(Excerpts from a dataset)
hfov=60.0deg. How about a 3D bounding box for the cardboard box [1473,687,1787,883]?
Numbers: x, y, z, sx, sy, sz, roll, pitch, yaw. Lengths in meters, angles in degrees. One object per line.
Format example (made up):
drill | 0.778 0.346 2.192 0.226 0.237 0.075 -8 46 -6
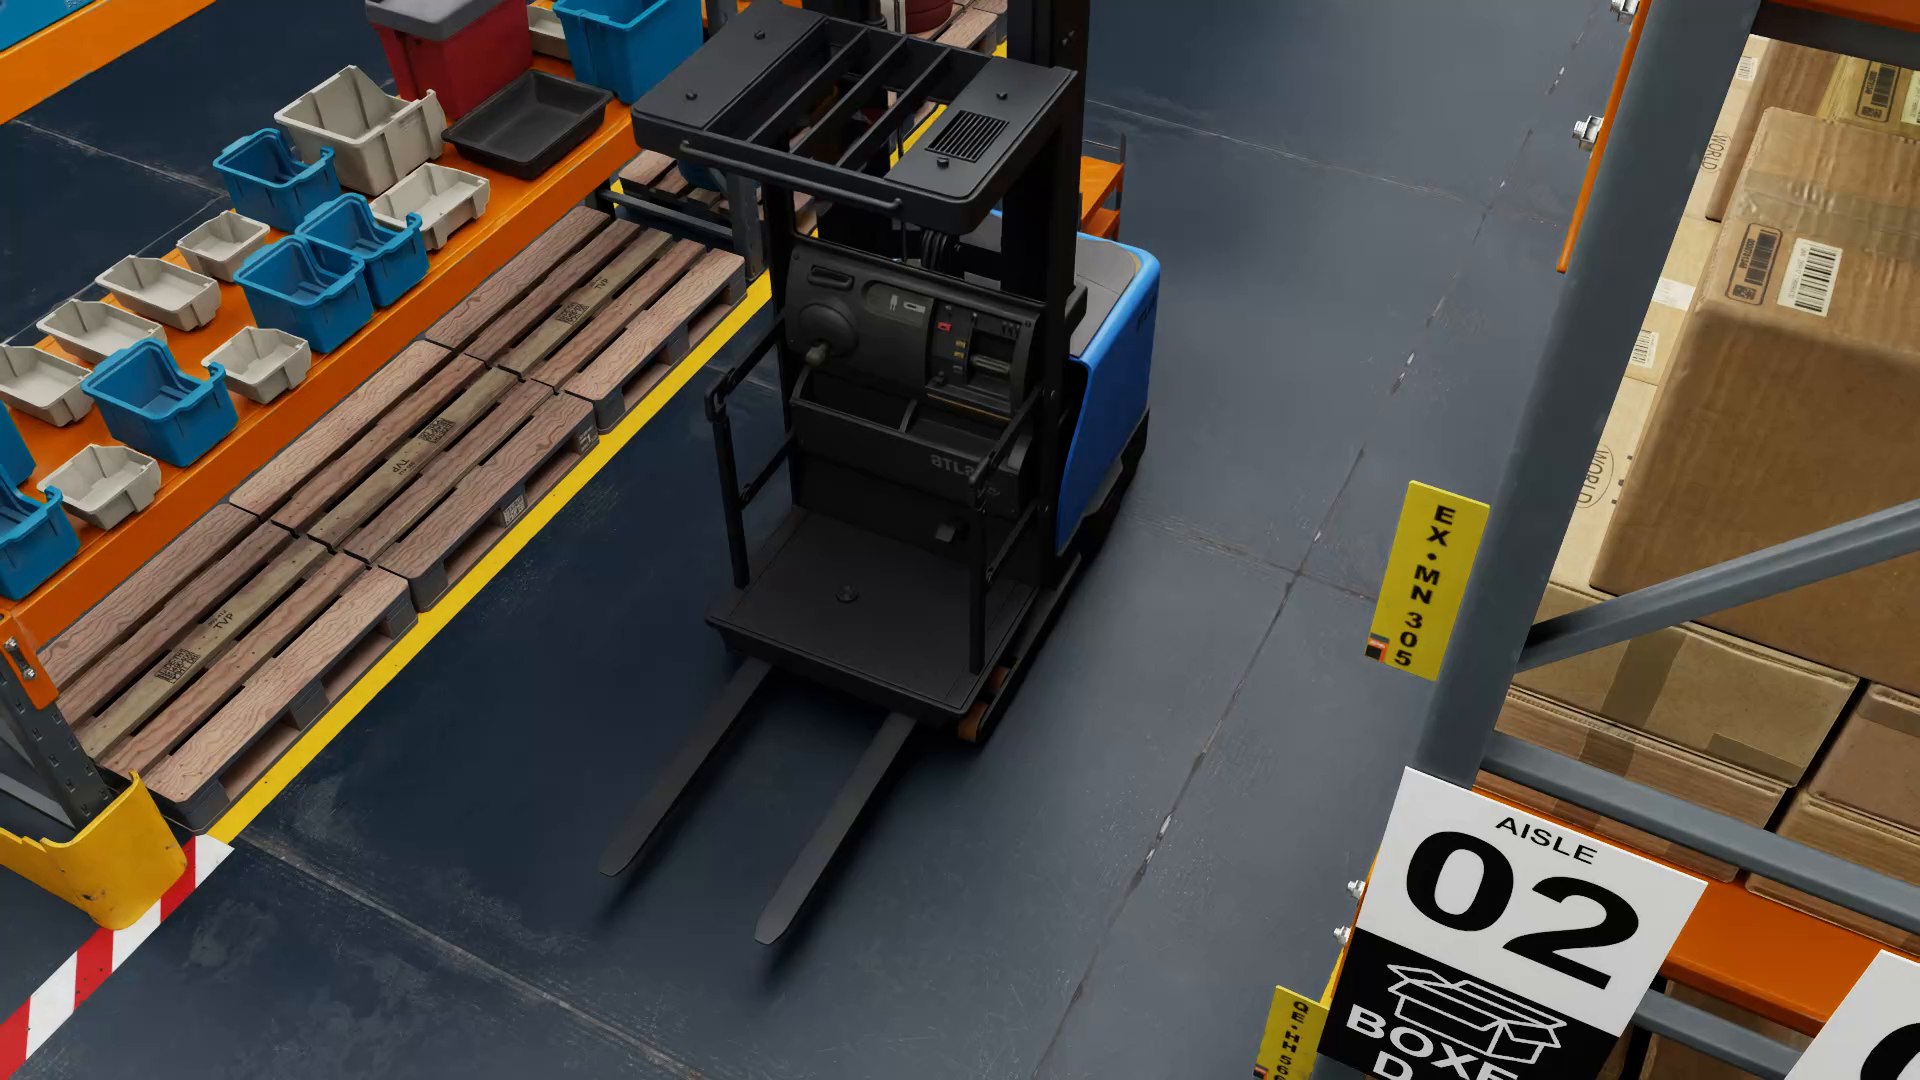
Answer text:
cardboard box | 1.082 0.207 2.712 0.500 0.250 0.500 20 49 19

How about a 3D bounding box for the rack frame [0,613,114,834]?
rack frame | -3.309 -0.018 4.939 1.000 3.000 0.127 20 49 19

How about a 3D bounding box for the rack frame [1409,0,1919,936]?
rack frame | 1.077 -0.489 1.186 1.000 3.000 0.127 20 49 19

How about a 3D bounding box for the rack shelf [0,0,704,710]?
rack shelf | -2.380 -1.025 6.440 1.077 0.370 4.000 20 49 19

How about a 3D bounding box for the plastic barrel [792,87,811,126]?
plastic barrel | -0.856 -2.731 8.800 0.600 0.901 0.708 20 49 19

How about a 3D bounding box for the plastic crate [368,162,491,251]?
plastic crate | -1.994 -1.270 6.319 0.293 0.136 0.466 20 49 19

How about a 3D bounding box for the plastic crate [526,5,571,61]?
plastic crate | -1.795 -2.220 7.259 0.396 0.136 0.243 20 49 19

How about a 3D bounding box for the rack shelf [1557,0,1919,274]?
rack shelf | 2.005 -1.495 2.689 1.077 0.370 4.000 20 49 19

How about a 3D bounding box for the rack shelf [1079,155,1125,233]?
rack shelf | 0.490 -1.451 7.065 0.258 0.148 0.480 19 48 18

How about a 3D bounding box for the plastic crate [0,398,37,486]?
plastic crate | -3.319 -0.324 5.174 0.616 0.435 0.499 20 49 19

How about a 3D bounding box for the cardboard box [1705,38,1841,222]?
cardboard box | 1.745 -0.788 2.817 0.700 0.500 0.500 20 49 19

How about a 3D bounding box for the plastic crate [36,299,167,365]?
plastic crate | -2.943 -0.698 5.754 0.396 0.136 0.243 20 49 19

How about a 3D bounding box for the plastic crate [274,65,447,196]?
plastic crate | -2.324 -1.616 6.559 0.437 0.282 0.530 20 49 19

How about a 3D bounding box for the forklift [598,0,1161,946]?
forklift | -0.271 -0.627 5.588 1.130 2.935 3.031 19 48 18

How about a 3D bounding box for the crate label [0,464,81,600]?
crate label | -2.903 -0.027 5.023 0.416 0.233 0.303 20 49 19

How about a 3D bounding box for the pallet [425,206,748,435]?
pallet | -1.759 -1.082 7.951 1.003 0.211 1.213 20 49 19

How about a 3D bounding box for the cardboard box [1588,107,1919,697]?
cardboard box | 1.301 -0.150 2.187 0.700 0.500 0.500 20 49 19

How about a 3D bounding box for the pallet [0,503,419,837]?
pallet | -2.892 0.455 6.431 1.003 0.211 1.213 20 49 19

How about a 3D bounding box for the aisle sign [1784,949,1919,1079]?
aisle sign | 1.305 0.846 2.257 0.394 0.787 0.004 20 49 19

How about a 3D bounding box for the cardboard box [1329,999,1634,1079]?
cardboard box | 1.040 0.862 3.296 0.500 0.500 0.500 20 49 19

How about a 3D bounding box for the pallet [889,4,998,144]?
pallet | -0.492 -2.802 9.650 1.003 0.211 1.213 20 49 19

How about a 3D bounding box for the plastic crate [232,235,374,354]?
plastic crate | -2.291 -0.857 5.843 0.416 0.233 0.300 20 49 19

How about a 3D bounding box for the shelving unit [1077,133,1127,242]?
shelving unit | 0.489 -1.173 7.343 0.258 1.200 0.503 19 48 18

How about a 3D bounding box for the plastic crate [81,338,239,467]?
plastic crate | -2.597 -0.442 5.433 0.416 0.233 0.300 20 49 19

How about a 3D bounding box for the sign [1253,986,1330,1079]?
sign | 0.595 0.906 2.989 0.100 0.325 0.005 20 49 19

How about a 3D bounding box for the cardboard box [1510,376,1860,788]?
cardboard box | 1.089 0.034 2.532 0.500 0.250 0.500 20 49 19

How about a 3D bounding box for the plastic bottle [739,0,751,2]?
plastic bottle | -0.983 -2.661 7.585 0.144 0.351 0.185 20 49 19

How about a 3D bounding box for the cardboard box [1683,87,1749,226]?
cardboard box | 1.557 -0.594 3.153 0.500 0.250 0.500 20 49 19

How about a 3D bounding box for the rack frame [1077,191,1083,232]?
rack frame | 0.384 -1.018 7.187 0.240 1.200 0.015 19 48 18

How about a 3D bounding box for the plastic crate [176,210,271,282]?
plastic crate | -2.715 -1.074 6.126 0.298 0.136 0.250 20 49 19

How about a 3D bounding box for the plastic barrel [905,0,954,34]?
plastic barrel | -0.331 -3.333 9.615 0.600 0.588 0.708 20 49 19

# YOUR INSTRUCTIONS
All records above need to be returned exactly. Omit the pictures.

# RESULT
hfov=60.0deg. How about a 3D bounding box for the cardboard box [1473,687,1787,883]?
Numbers: x, y, z, sx, sy, sz, roll, pitch, yaw. Lengths in meters, angles in degrees. One object per line.
Format example (made up):
drill | 0.778 0.346 2.192 0.226 0.237 0.075 -8 46 -6
Answer text:
cardboard box | 1.082 0.207 2.712 0.500 0.250 0.500 20 49 19

How about a 3D bounding box for the rack frame [0,613,114,834]?
rack frame | -3.309 -0.018 4.939 1.000 3.000 0.127 20 49 19

How about a 3D bounding box for the rack frame [1409,0,1919,936]?
rack frame | 1.077 -0.489 1.186 1.000 3.000 0.127 20 49 19

How about a 3D bounding box for the rack shelf [0,0,704,710]?
rack shelf | -2.380 -1.025 6.440 1.077 0.370 4.000 20 49 19

How about a 3D bounding box for the plastic barrel [792,87,811,126]?
plastic barrel | -0.856 -2.731 8.800 0.600 0.901 0.708 20 49 19

How about a 3D bounding box for the plastic crate [368,162,491,251]?
plastic crate | -1.994 -1.270 6.319 0.293 0.136 0.466 20 49 19

How about a 3D bounding box for the plastic crate [526,5,571,61]?
plastic crate | -1.795 -2.220 7.259 0.396 0.136 0.243 20 49 19

How about a 3D bounding box for the rack shelf [1557,0,1919,274]?
rack shelf | 2.005 -1.495 2.689 1.077 0.370 4.000 20 49 19

How about a 3D bounding box for the rack shelf [1079,155,1125,233]?
rack shelf | 0.490 -1.451 7.065 0.258 0.148 0.480 19 48 18

How about a 3D bounding box for the plastic crate [0,398,37,486]?
plastic crate | -3.319 -0.324 5.174 0.616 0.435 0.499 20 49 19

How about a 3D bounding box for the cardboard box [1705,38,1841,222]?
cardboard box | 1.745 -0.788 2.817 0.700 0.500 0.500 20 49 19

How about a 3D bounding box for the plastic crate [36,299,167,365]?
plastic crate | -2.943 -0.698 5.754 0.396 0.136 0.243 20 49 19

How about a 3D bounding box for the plastic crate [274,65,447,196]?
plastic crate | -2.324 -1.616 6.559 0.437 0.282 0.530 20 49 19

How about a 3D bounding box for the forklift [598,0,1161,946]?
forklift | -0.271 -0.627 5.588 1.130 2.935 3.031 19 48 18

How about a 3D bounding box for the crate label [0,464,81,600]?
crate label | -2.903 -0.027 5.023 0.416 0.233 0.303 20 49 19

How about a 3D bounding box for the pallet [425,206,748,435]?
pallet | -1.759 -1.082 7.951 1.003 0.211 1.213 20 49 19

How about a 3D bounding box for the cardboard box [1588,107,1919,697]?
cardboard box | 1.301 -0.150 2.187 0.700 0.500 0.500 20 49 19

How about a 3D bounding box for the pallet [0,503,419,837]?
pallet | -2.892 0.455 6.431 1.003 0.211 1.213 20 49 19

How about a 3D bounding box for the aisle sign [1784,949,1919,1079]?
aisle sign | 1.305 0.846 2.257 0.394 0.787 0.004 20 49 19

How about a 3D bounding box for the cardboard box [1329,999,1634,1079]?
cardboard box | 1.040 0.862 3.296 0.500 0.500 0.500 20 49 19

How about a 3D bounding box for the pallet [889,4,998,144]?
pallet | -0.492 -2.802 9.650 1.003 0.211 1.213 20 49 19

How about a 3D bounding box for the plastic crate [232,235,374,354]?
plastic crate | -2.291 -0.857 5.843 0.416 0.233 0.300 20 49 19

How about a 3D bounding box for the shelving unit [1077,133,1127,242]?
shelving unit | 0.489 -1.173 7.343 0.258 1.200 0.503 19 48 18

How about a 3D bounding box for the plastic crate [81,338,239,467]?
plastic crate | -2.597 -0.442 5.433 0.416 0.233 0.300 20 49 19

How about a 3D bounding box for the sign [1253,986,1330,1079]?
sign | 0.595 0.906 2.989 0.100 0.325 0.005 20 49 19

How about a 3D bounding box for the cardboard box [1510,376,1860,788]?
cardboard box | 1.089 0.034 2.532 0.500 0.250 0.500 20 49 19

How about a 3D bounding box for the plastic bottle [739,0,751,2]?
plastic bottle | -0.983 -2.661 7.585 0.144 0.351 0.185 20 49 19

How about a 3D bounding box for the cardboard box [1683,87,1749,226]?
cardboard box | 1.557 -0.594 3.153 0.500 0.250 0.500 20 49 19

How about a 3D bounding box for the rack frame [1077,191,1083,232]?
rack frame | 0.384 -1.018 7.187 0.240 1.200 0.015 19 48 18

How about a 3D bounding box for the plastic crate [176,210,271,282]?
plastic crate | -2.715 -1.074 6.126 0.298 0.136 0.250 20 49 19

How about a 3D bounding box for the plastic barrel [905,0,954,34]?
plastic barrel | -0.331 -3.333 9.615 0.600 0.588 0.708 20 49 19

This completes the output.